Gül betonte, beide Seiten seien sich der Schwierigkeiten und Widerstände bewusst. „Wir schreiten langsam voran“, sagte der türkische Präsident. Ministerpräsident Recep Tayyip Erdogan will die Armenienprotokolle erst dann vom Parlament ratifizieren lassen, wenn es Bewegung im Karabach-Konflikt gibt. In beiden Ländern wird die Versöhnungspolitik von Nationalisten kritisiert.

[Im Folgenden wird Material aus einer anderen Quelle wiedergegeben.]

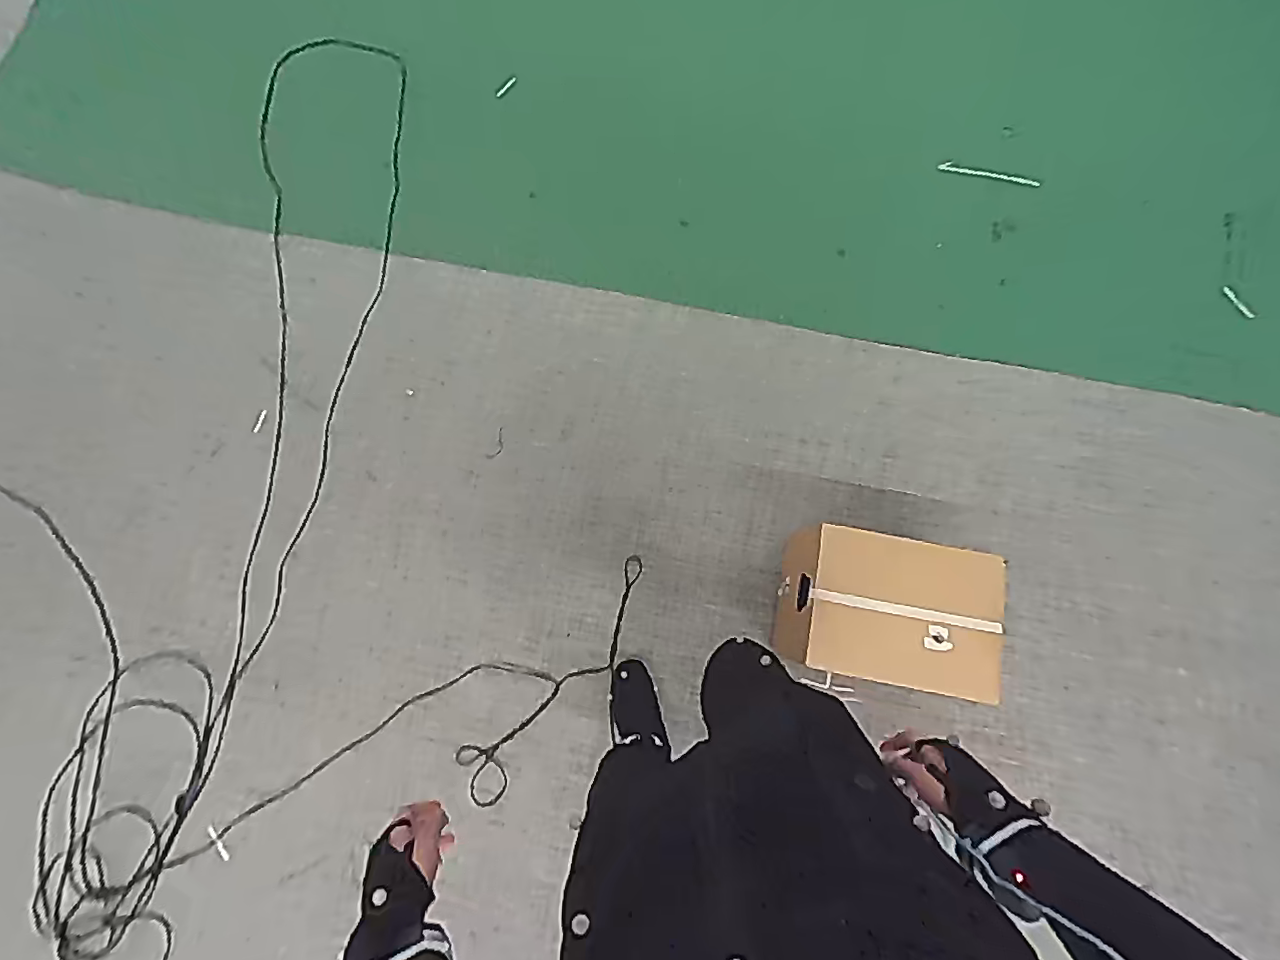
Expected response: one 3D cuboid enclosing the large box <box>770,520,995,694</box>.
[{"bbox_3d":[0.559,0.302,1.310,0.408,0.320,0.320,11,78,2],"label":"large box"}]
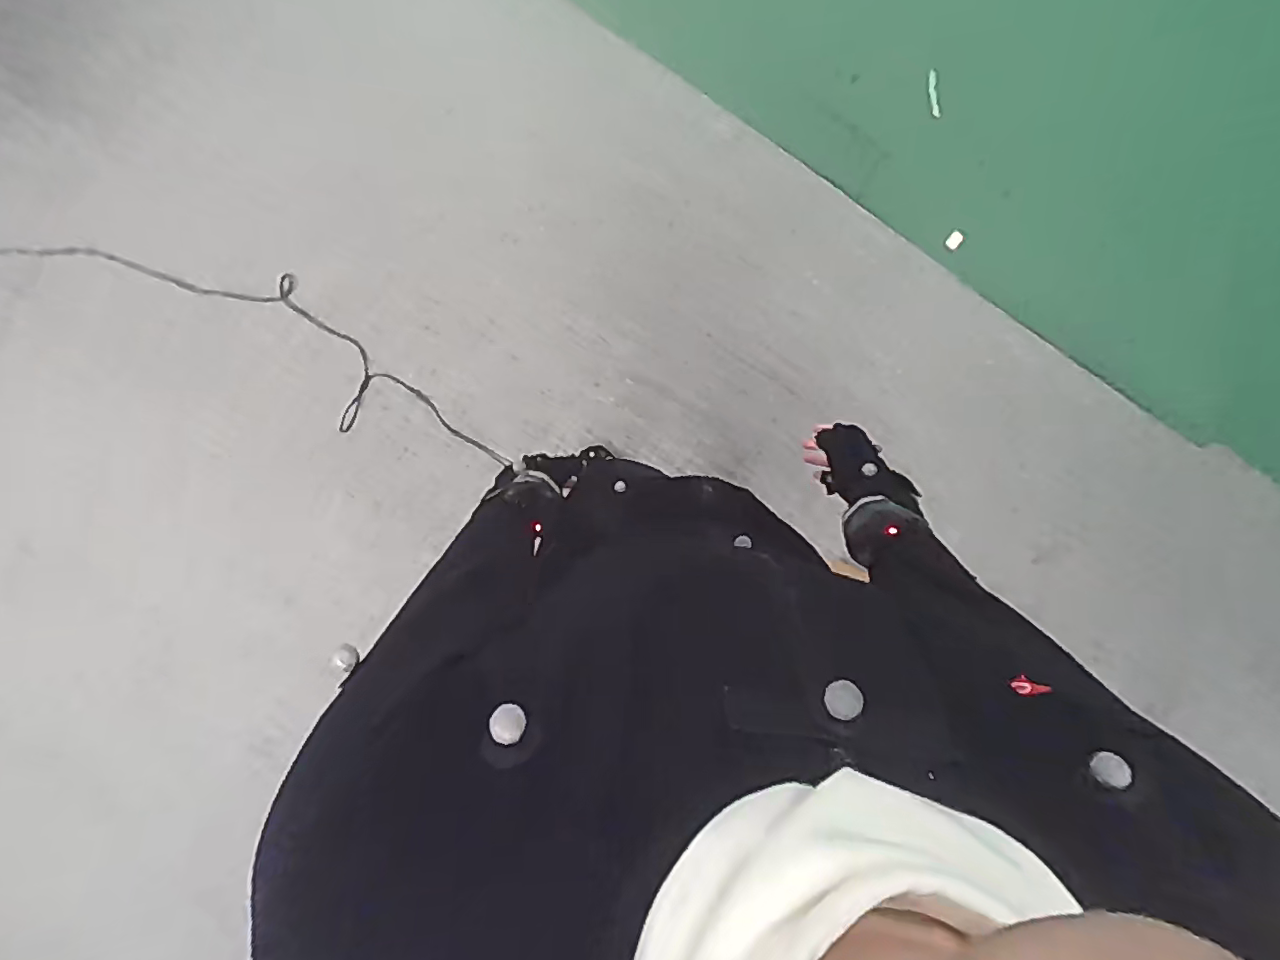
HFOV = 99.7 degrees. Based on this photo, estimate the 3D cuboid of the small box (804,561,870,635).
[{"bbox_3d":[0.547,0.332,1.384,0.168,0.176,0.179,38,89,-4],"label":"small box"}]

Gegner der Annäherung machten sich auch in Bursa bemerkbar. So begleiteten die türkischen Fans die armenische Nationalhymne im Stadion mit lauten Buhrufen. Die Polizei verhinderte zudem in letzter Minute eine spektakuläre Störaktion türkischer Nationalisten im Stadion: Diese wollten offenbar mit einem Bulldozer aufs Spielfeld rollen und dort eine aserbaidschanische Fahne entrollen.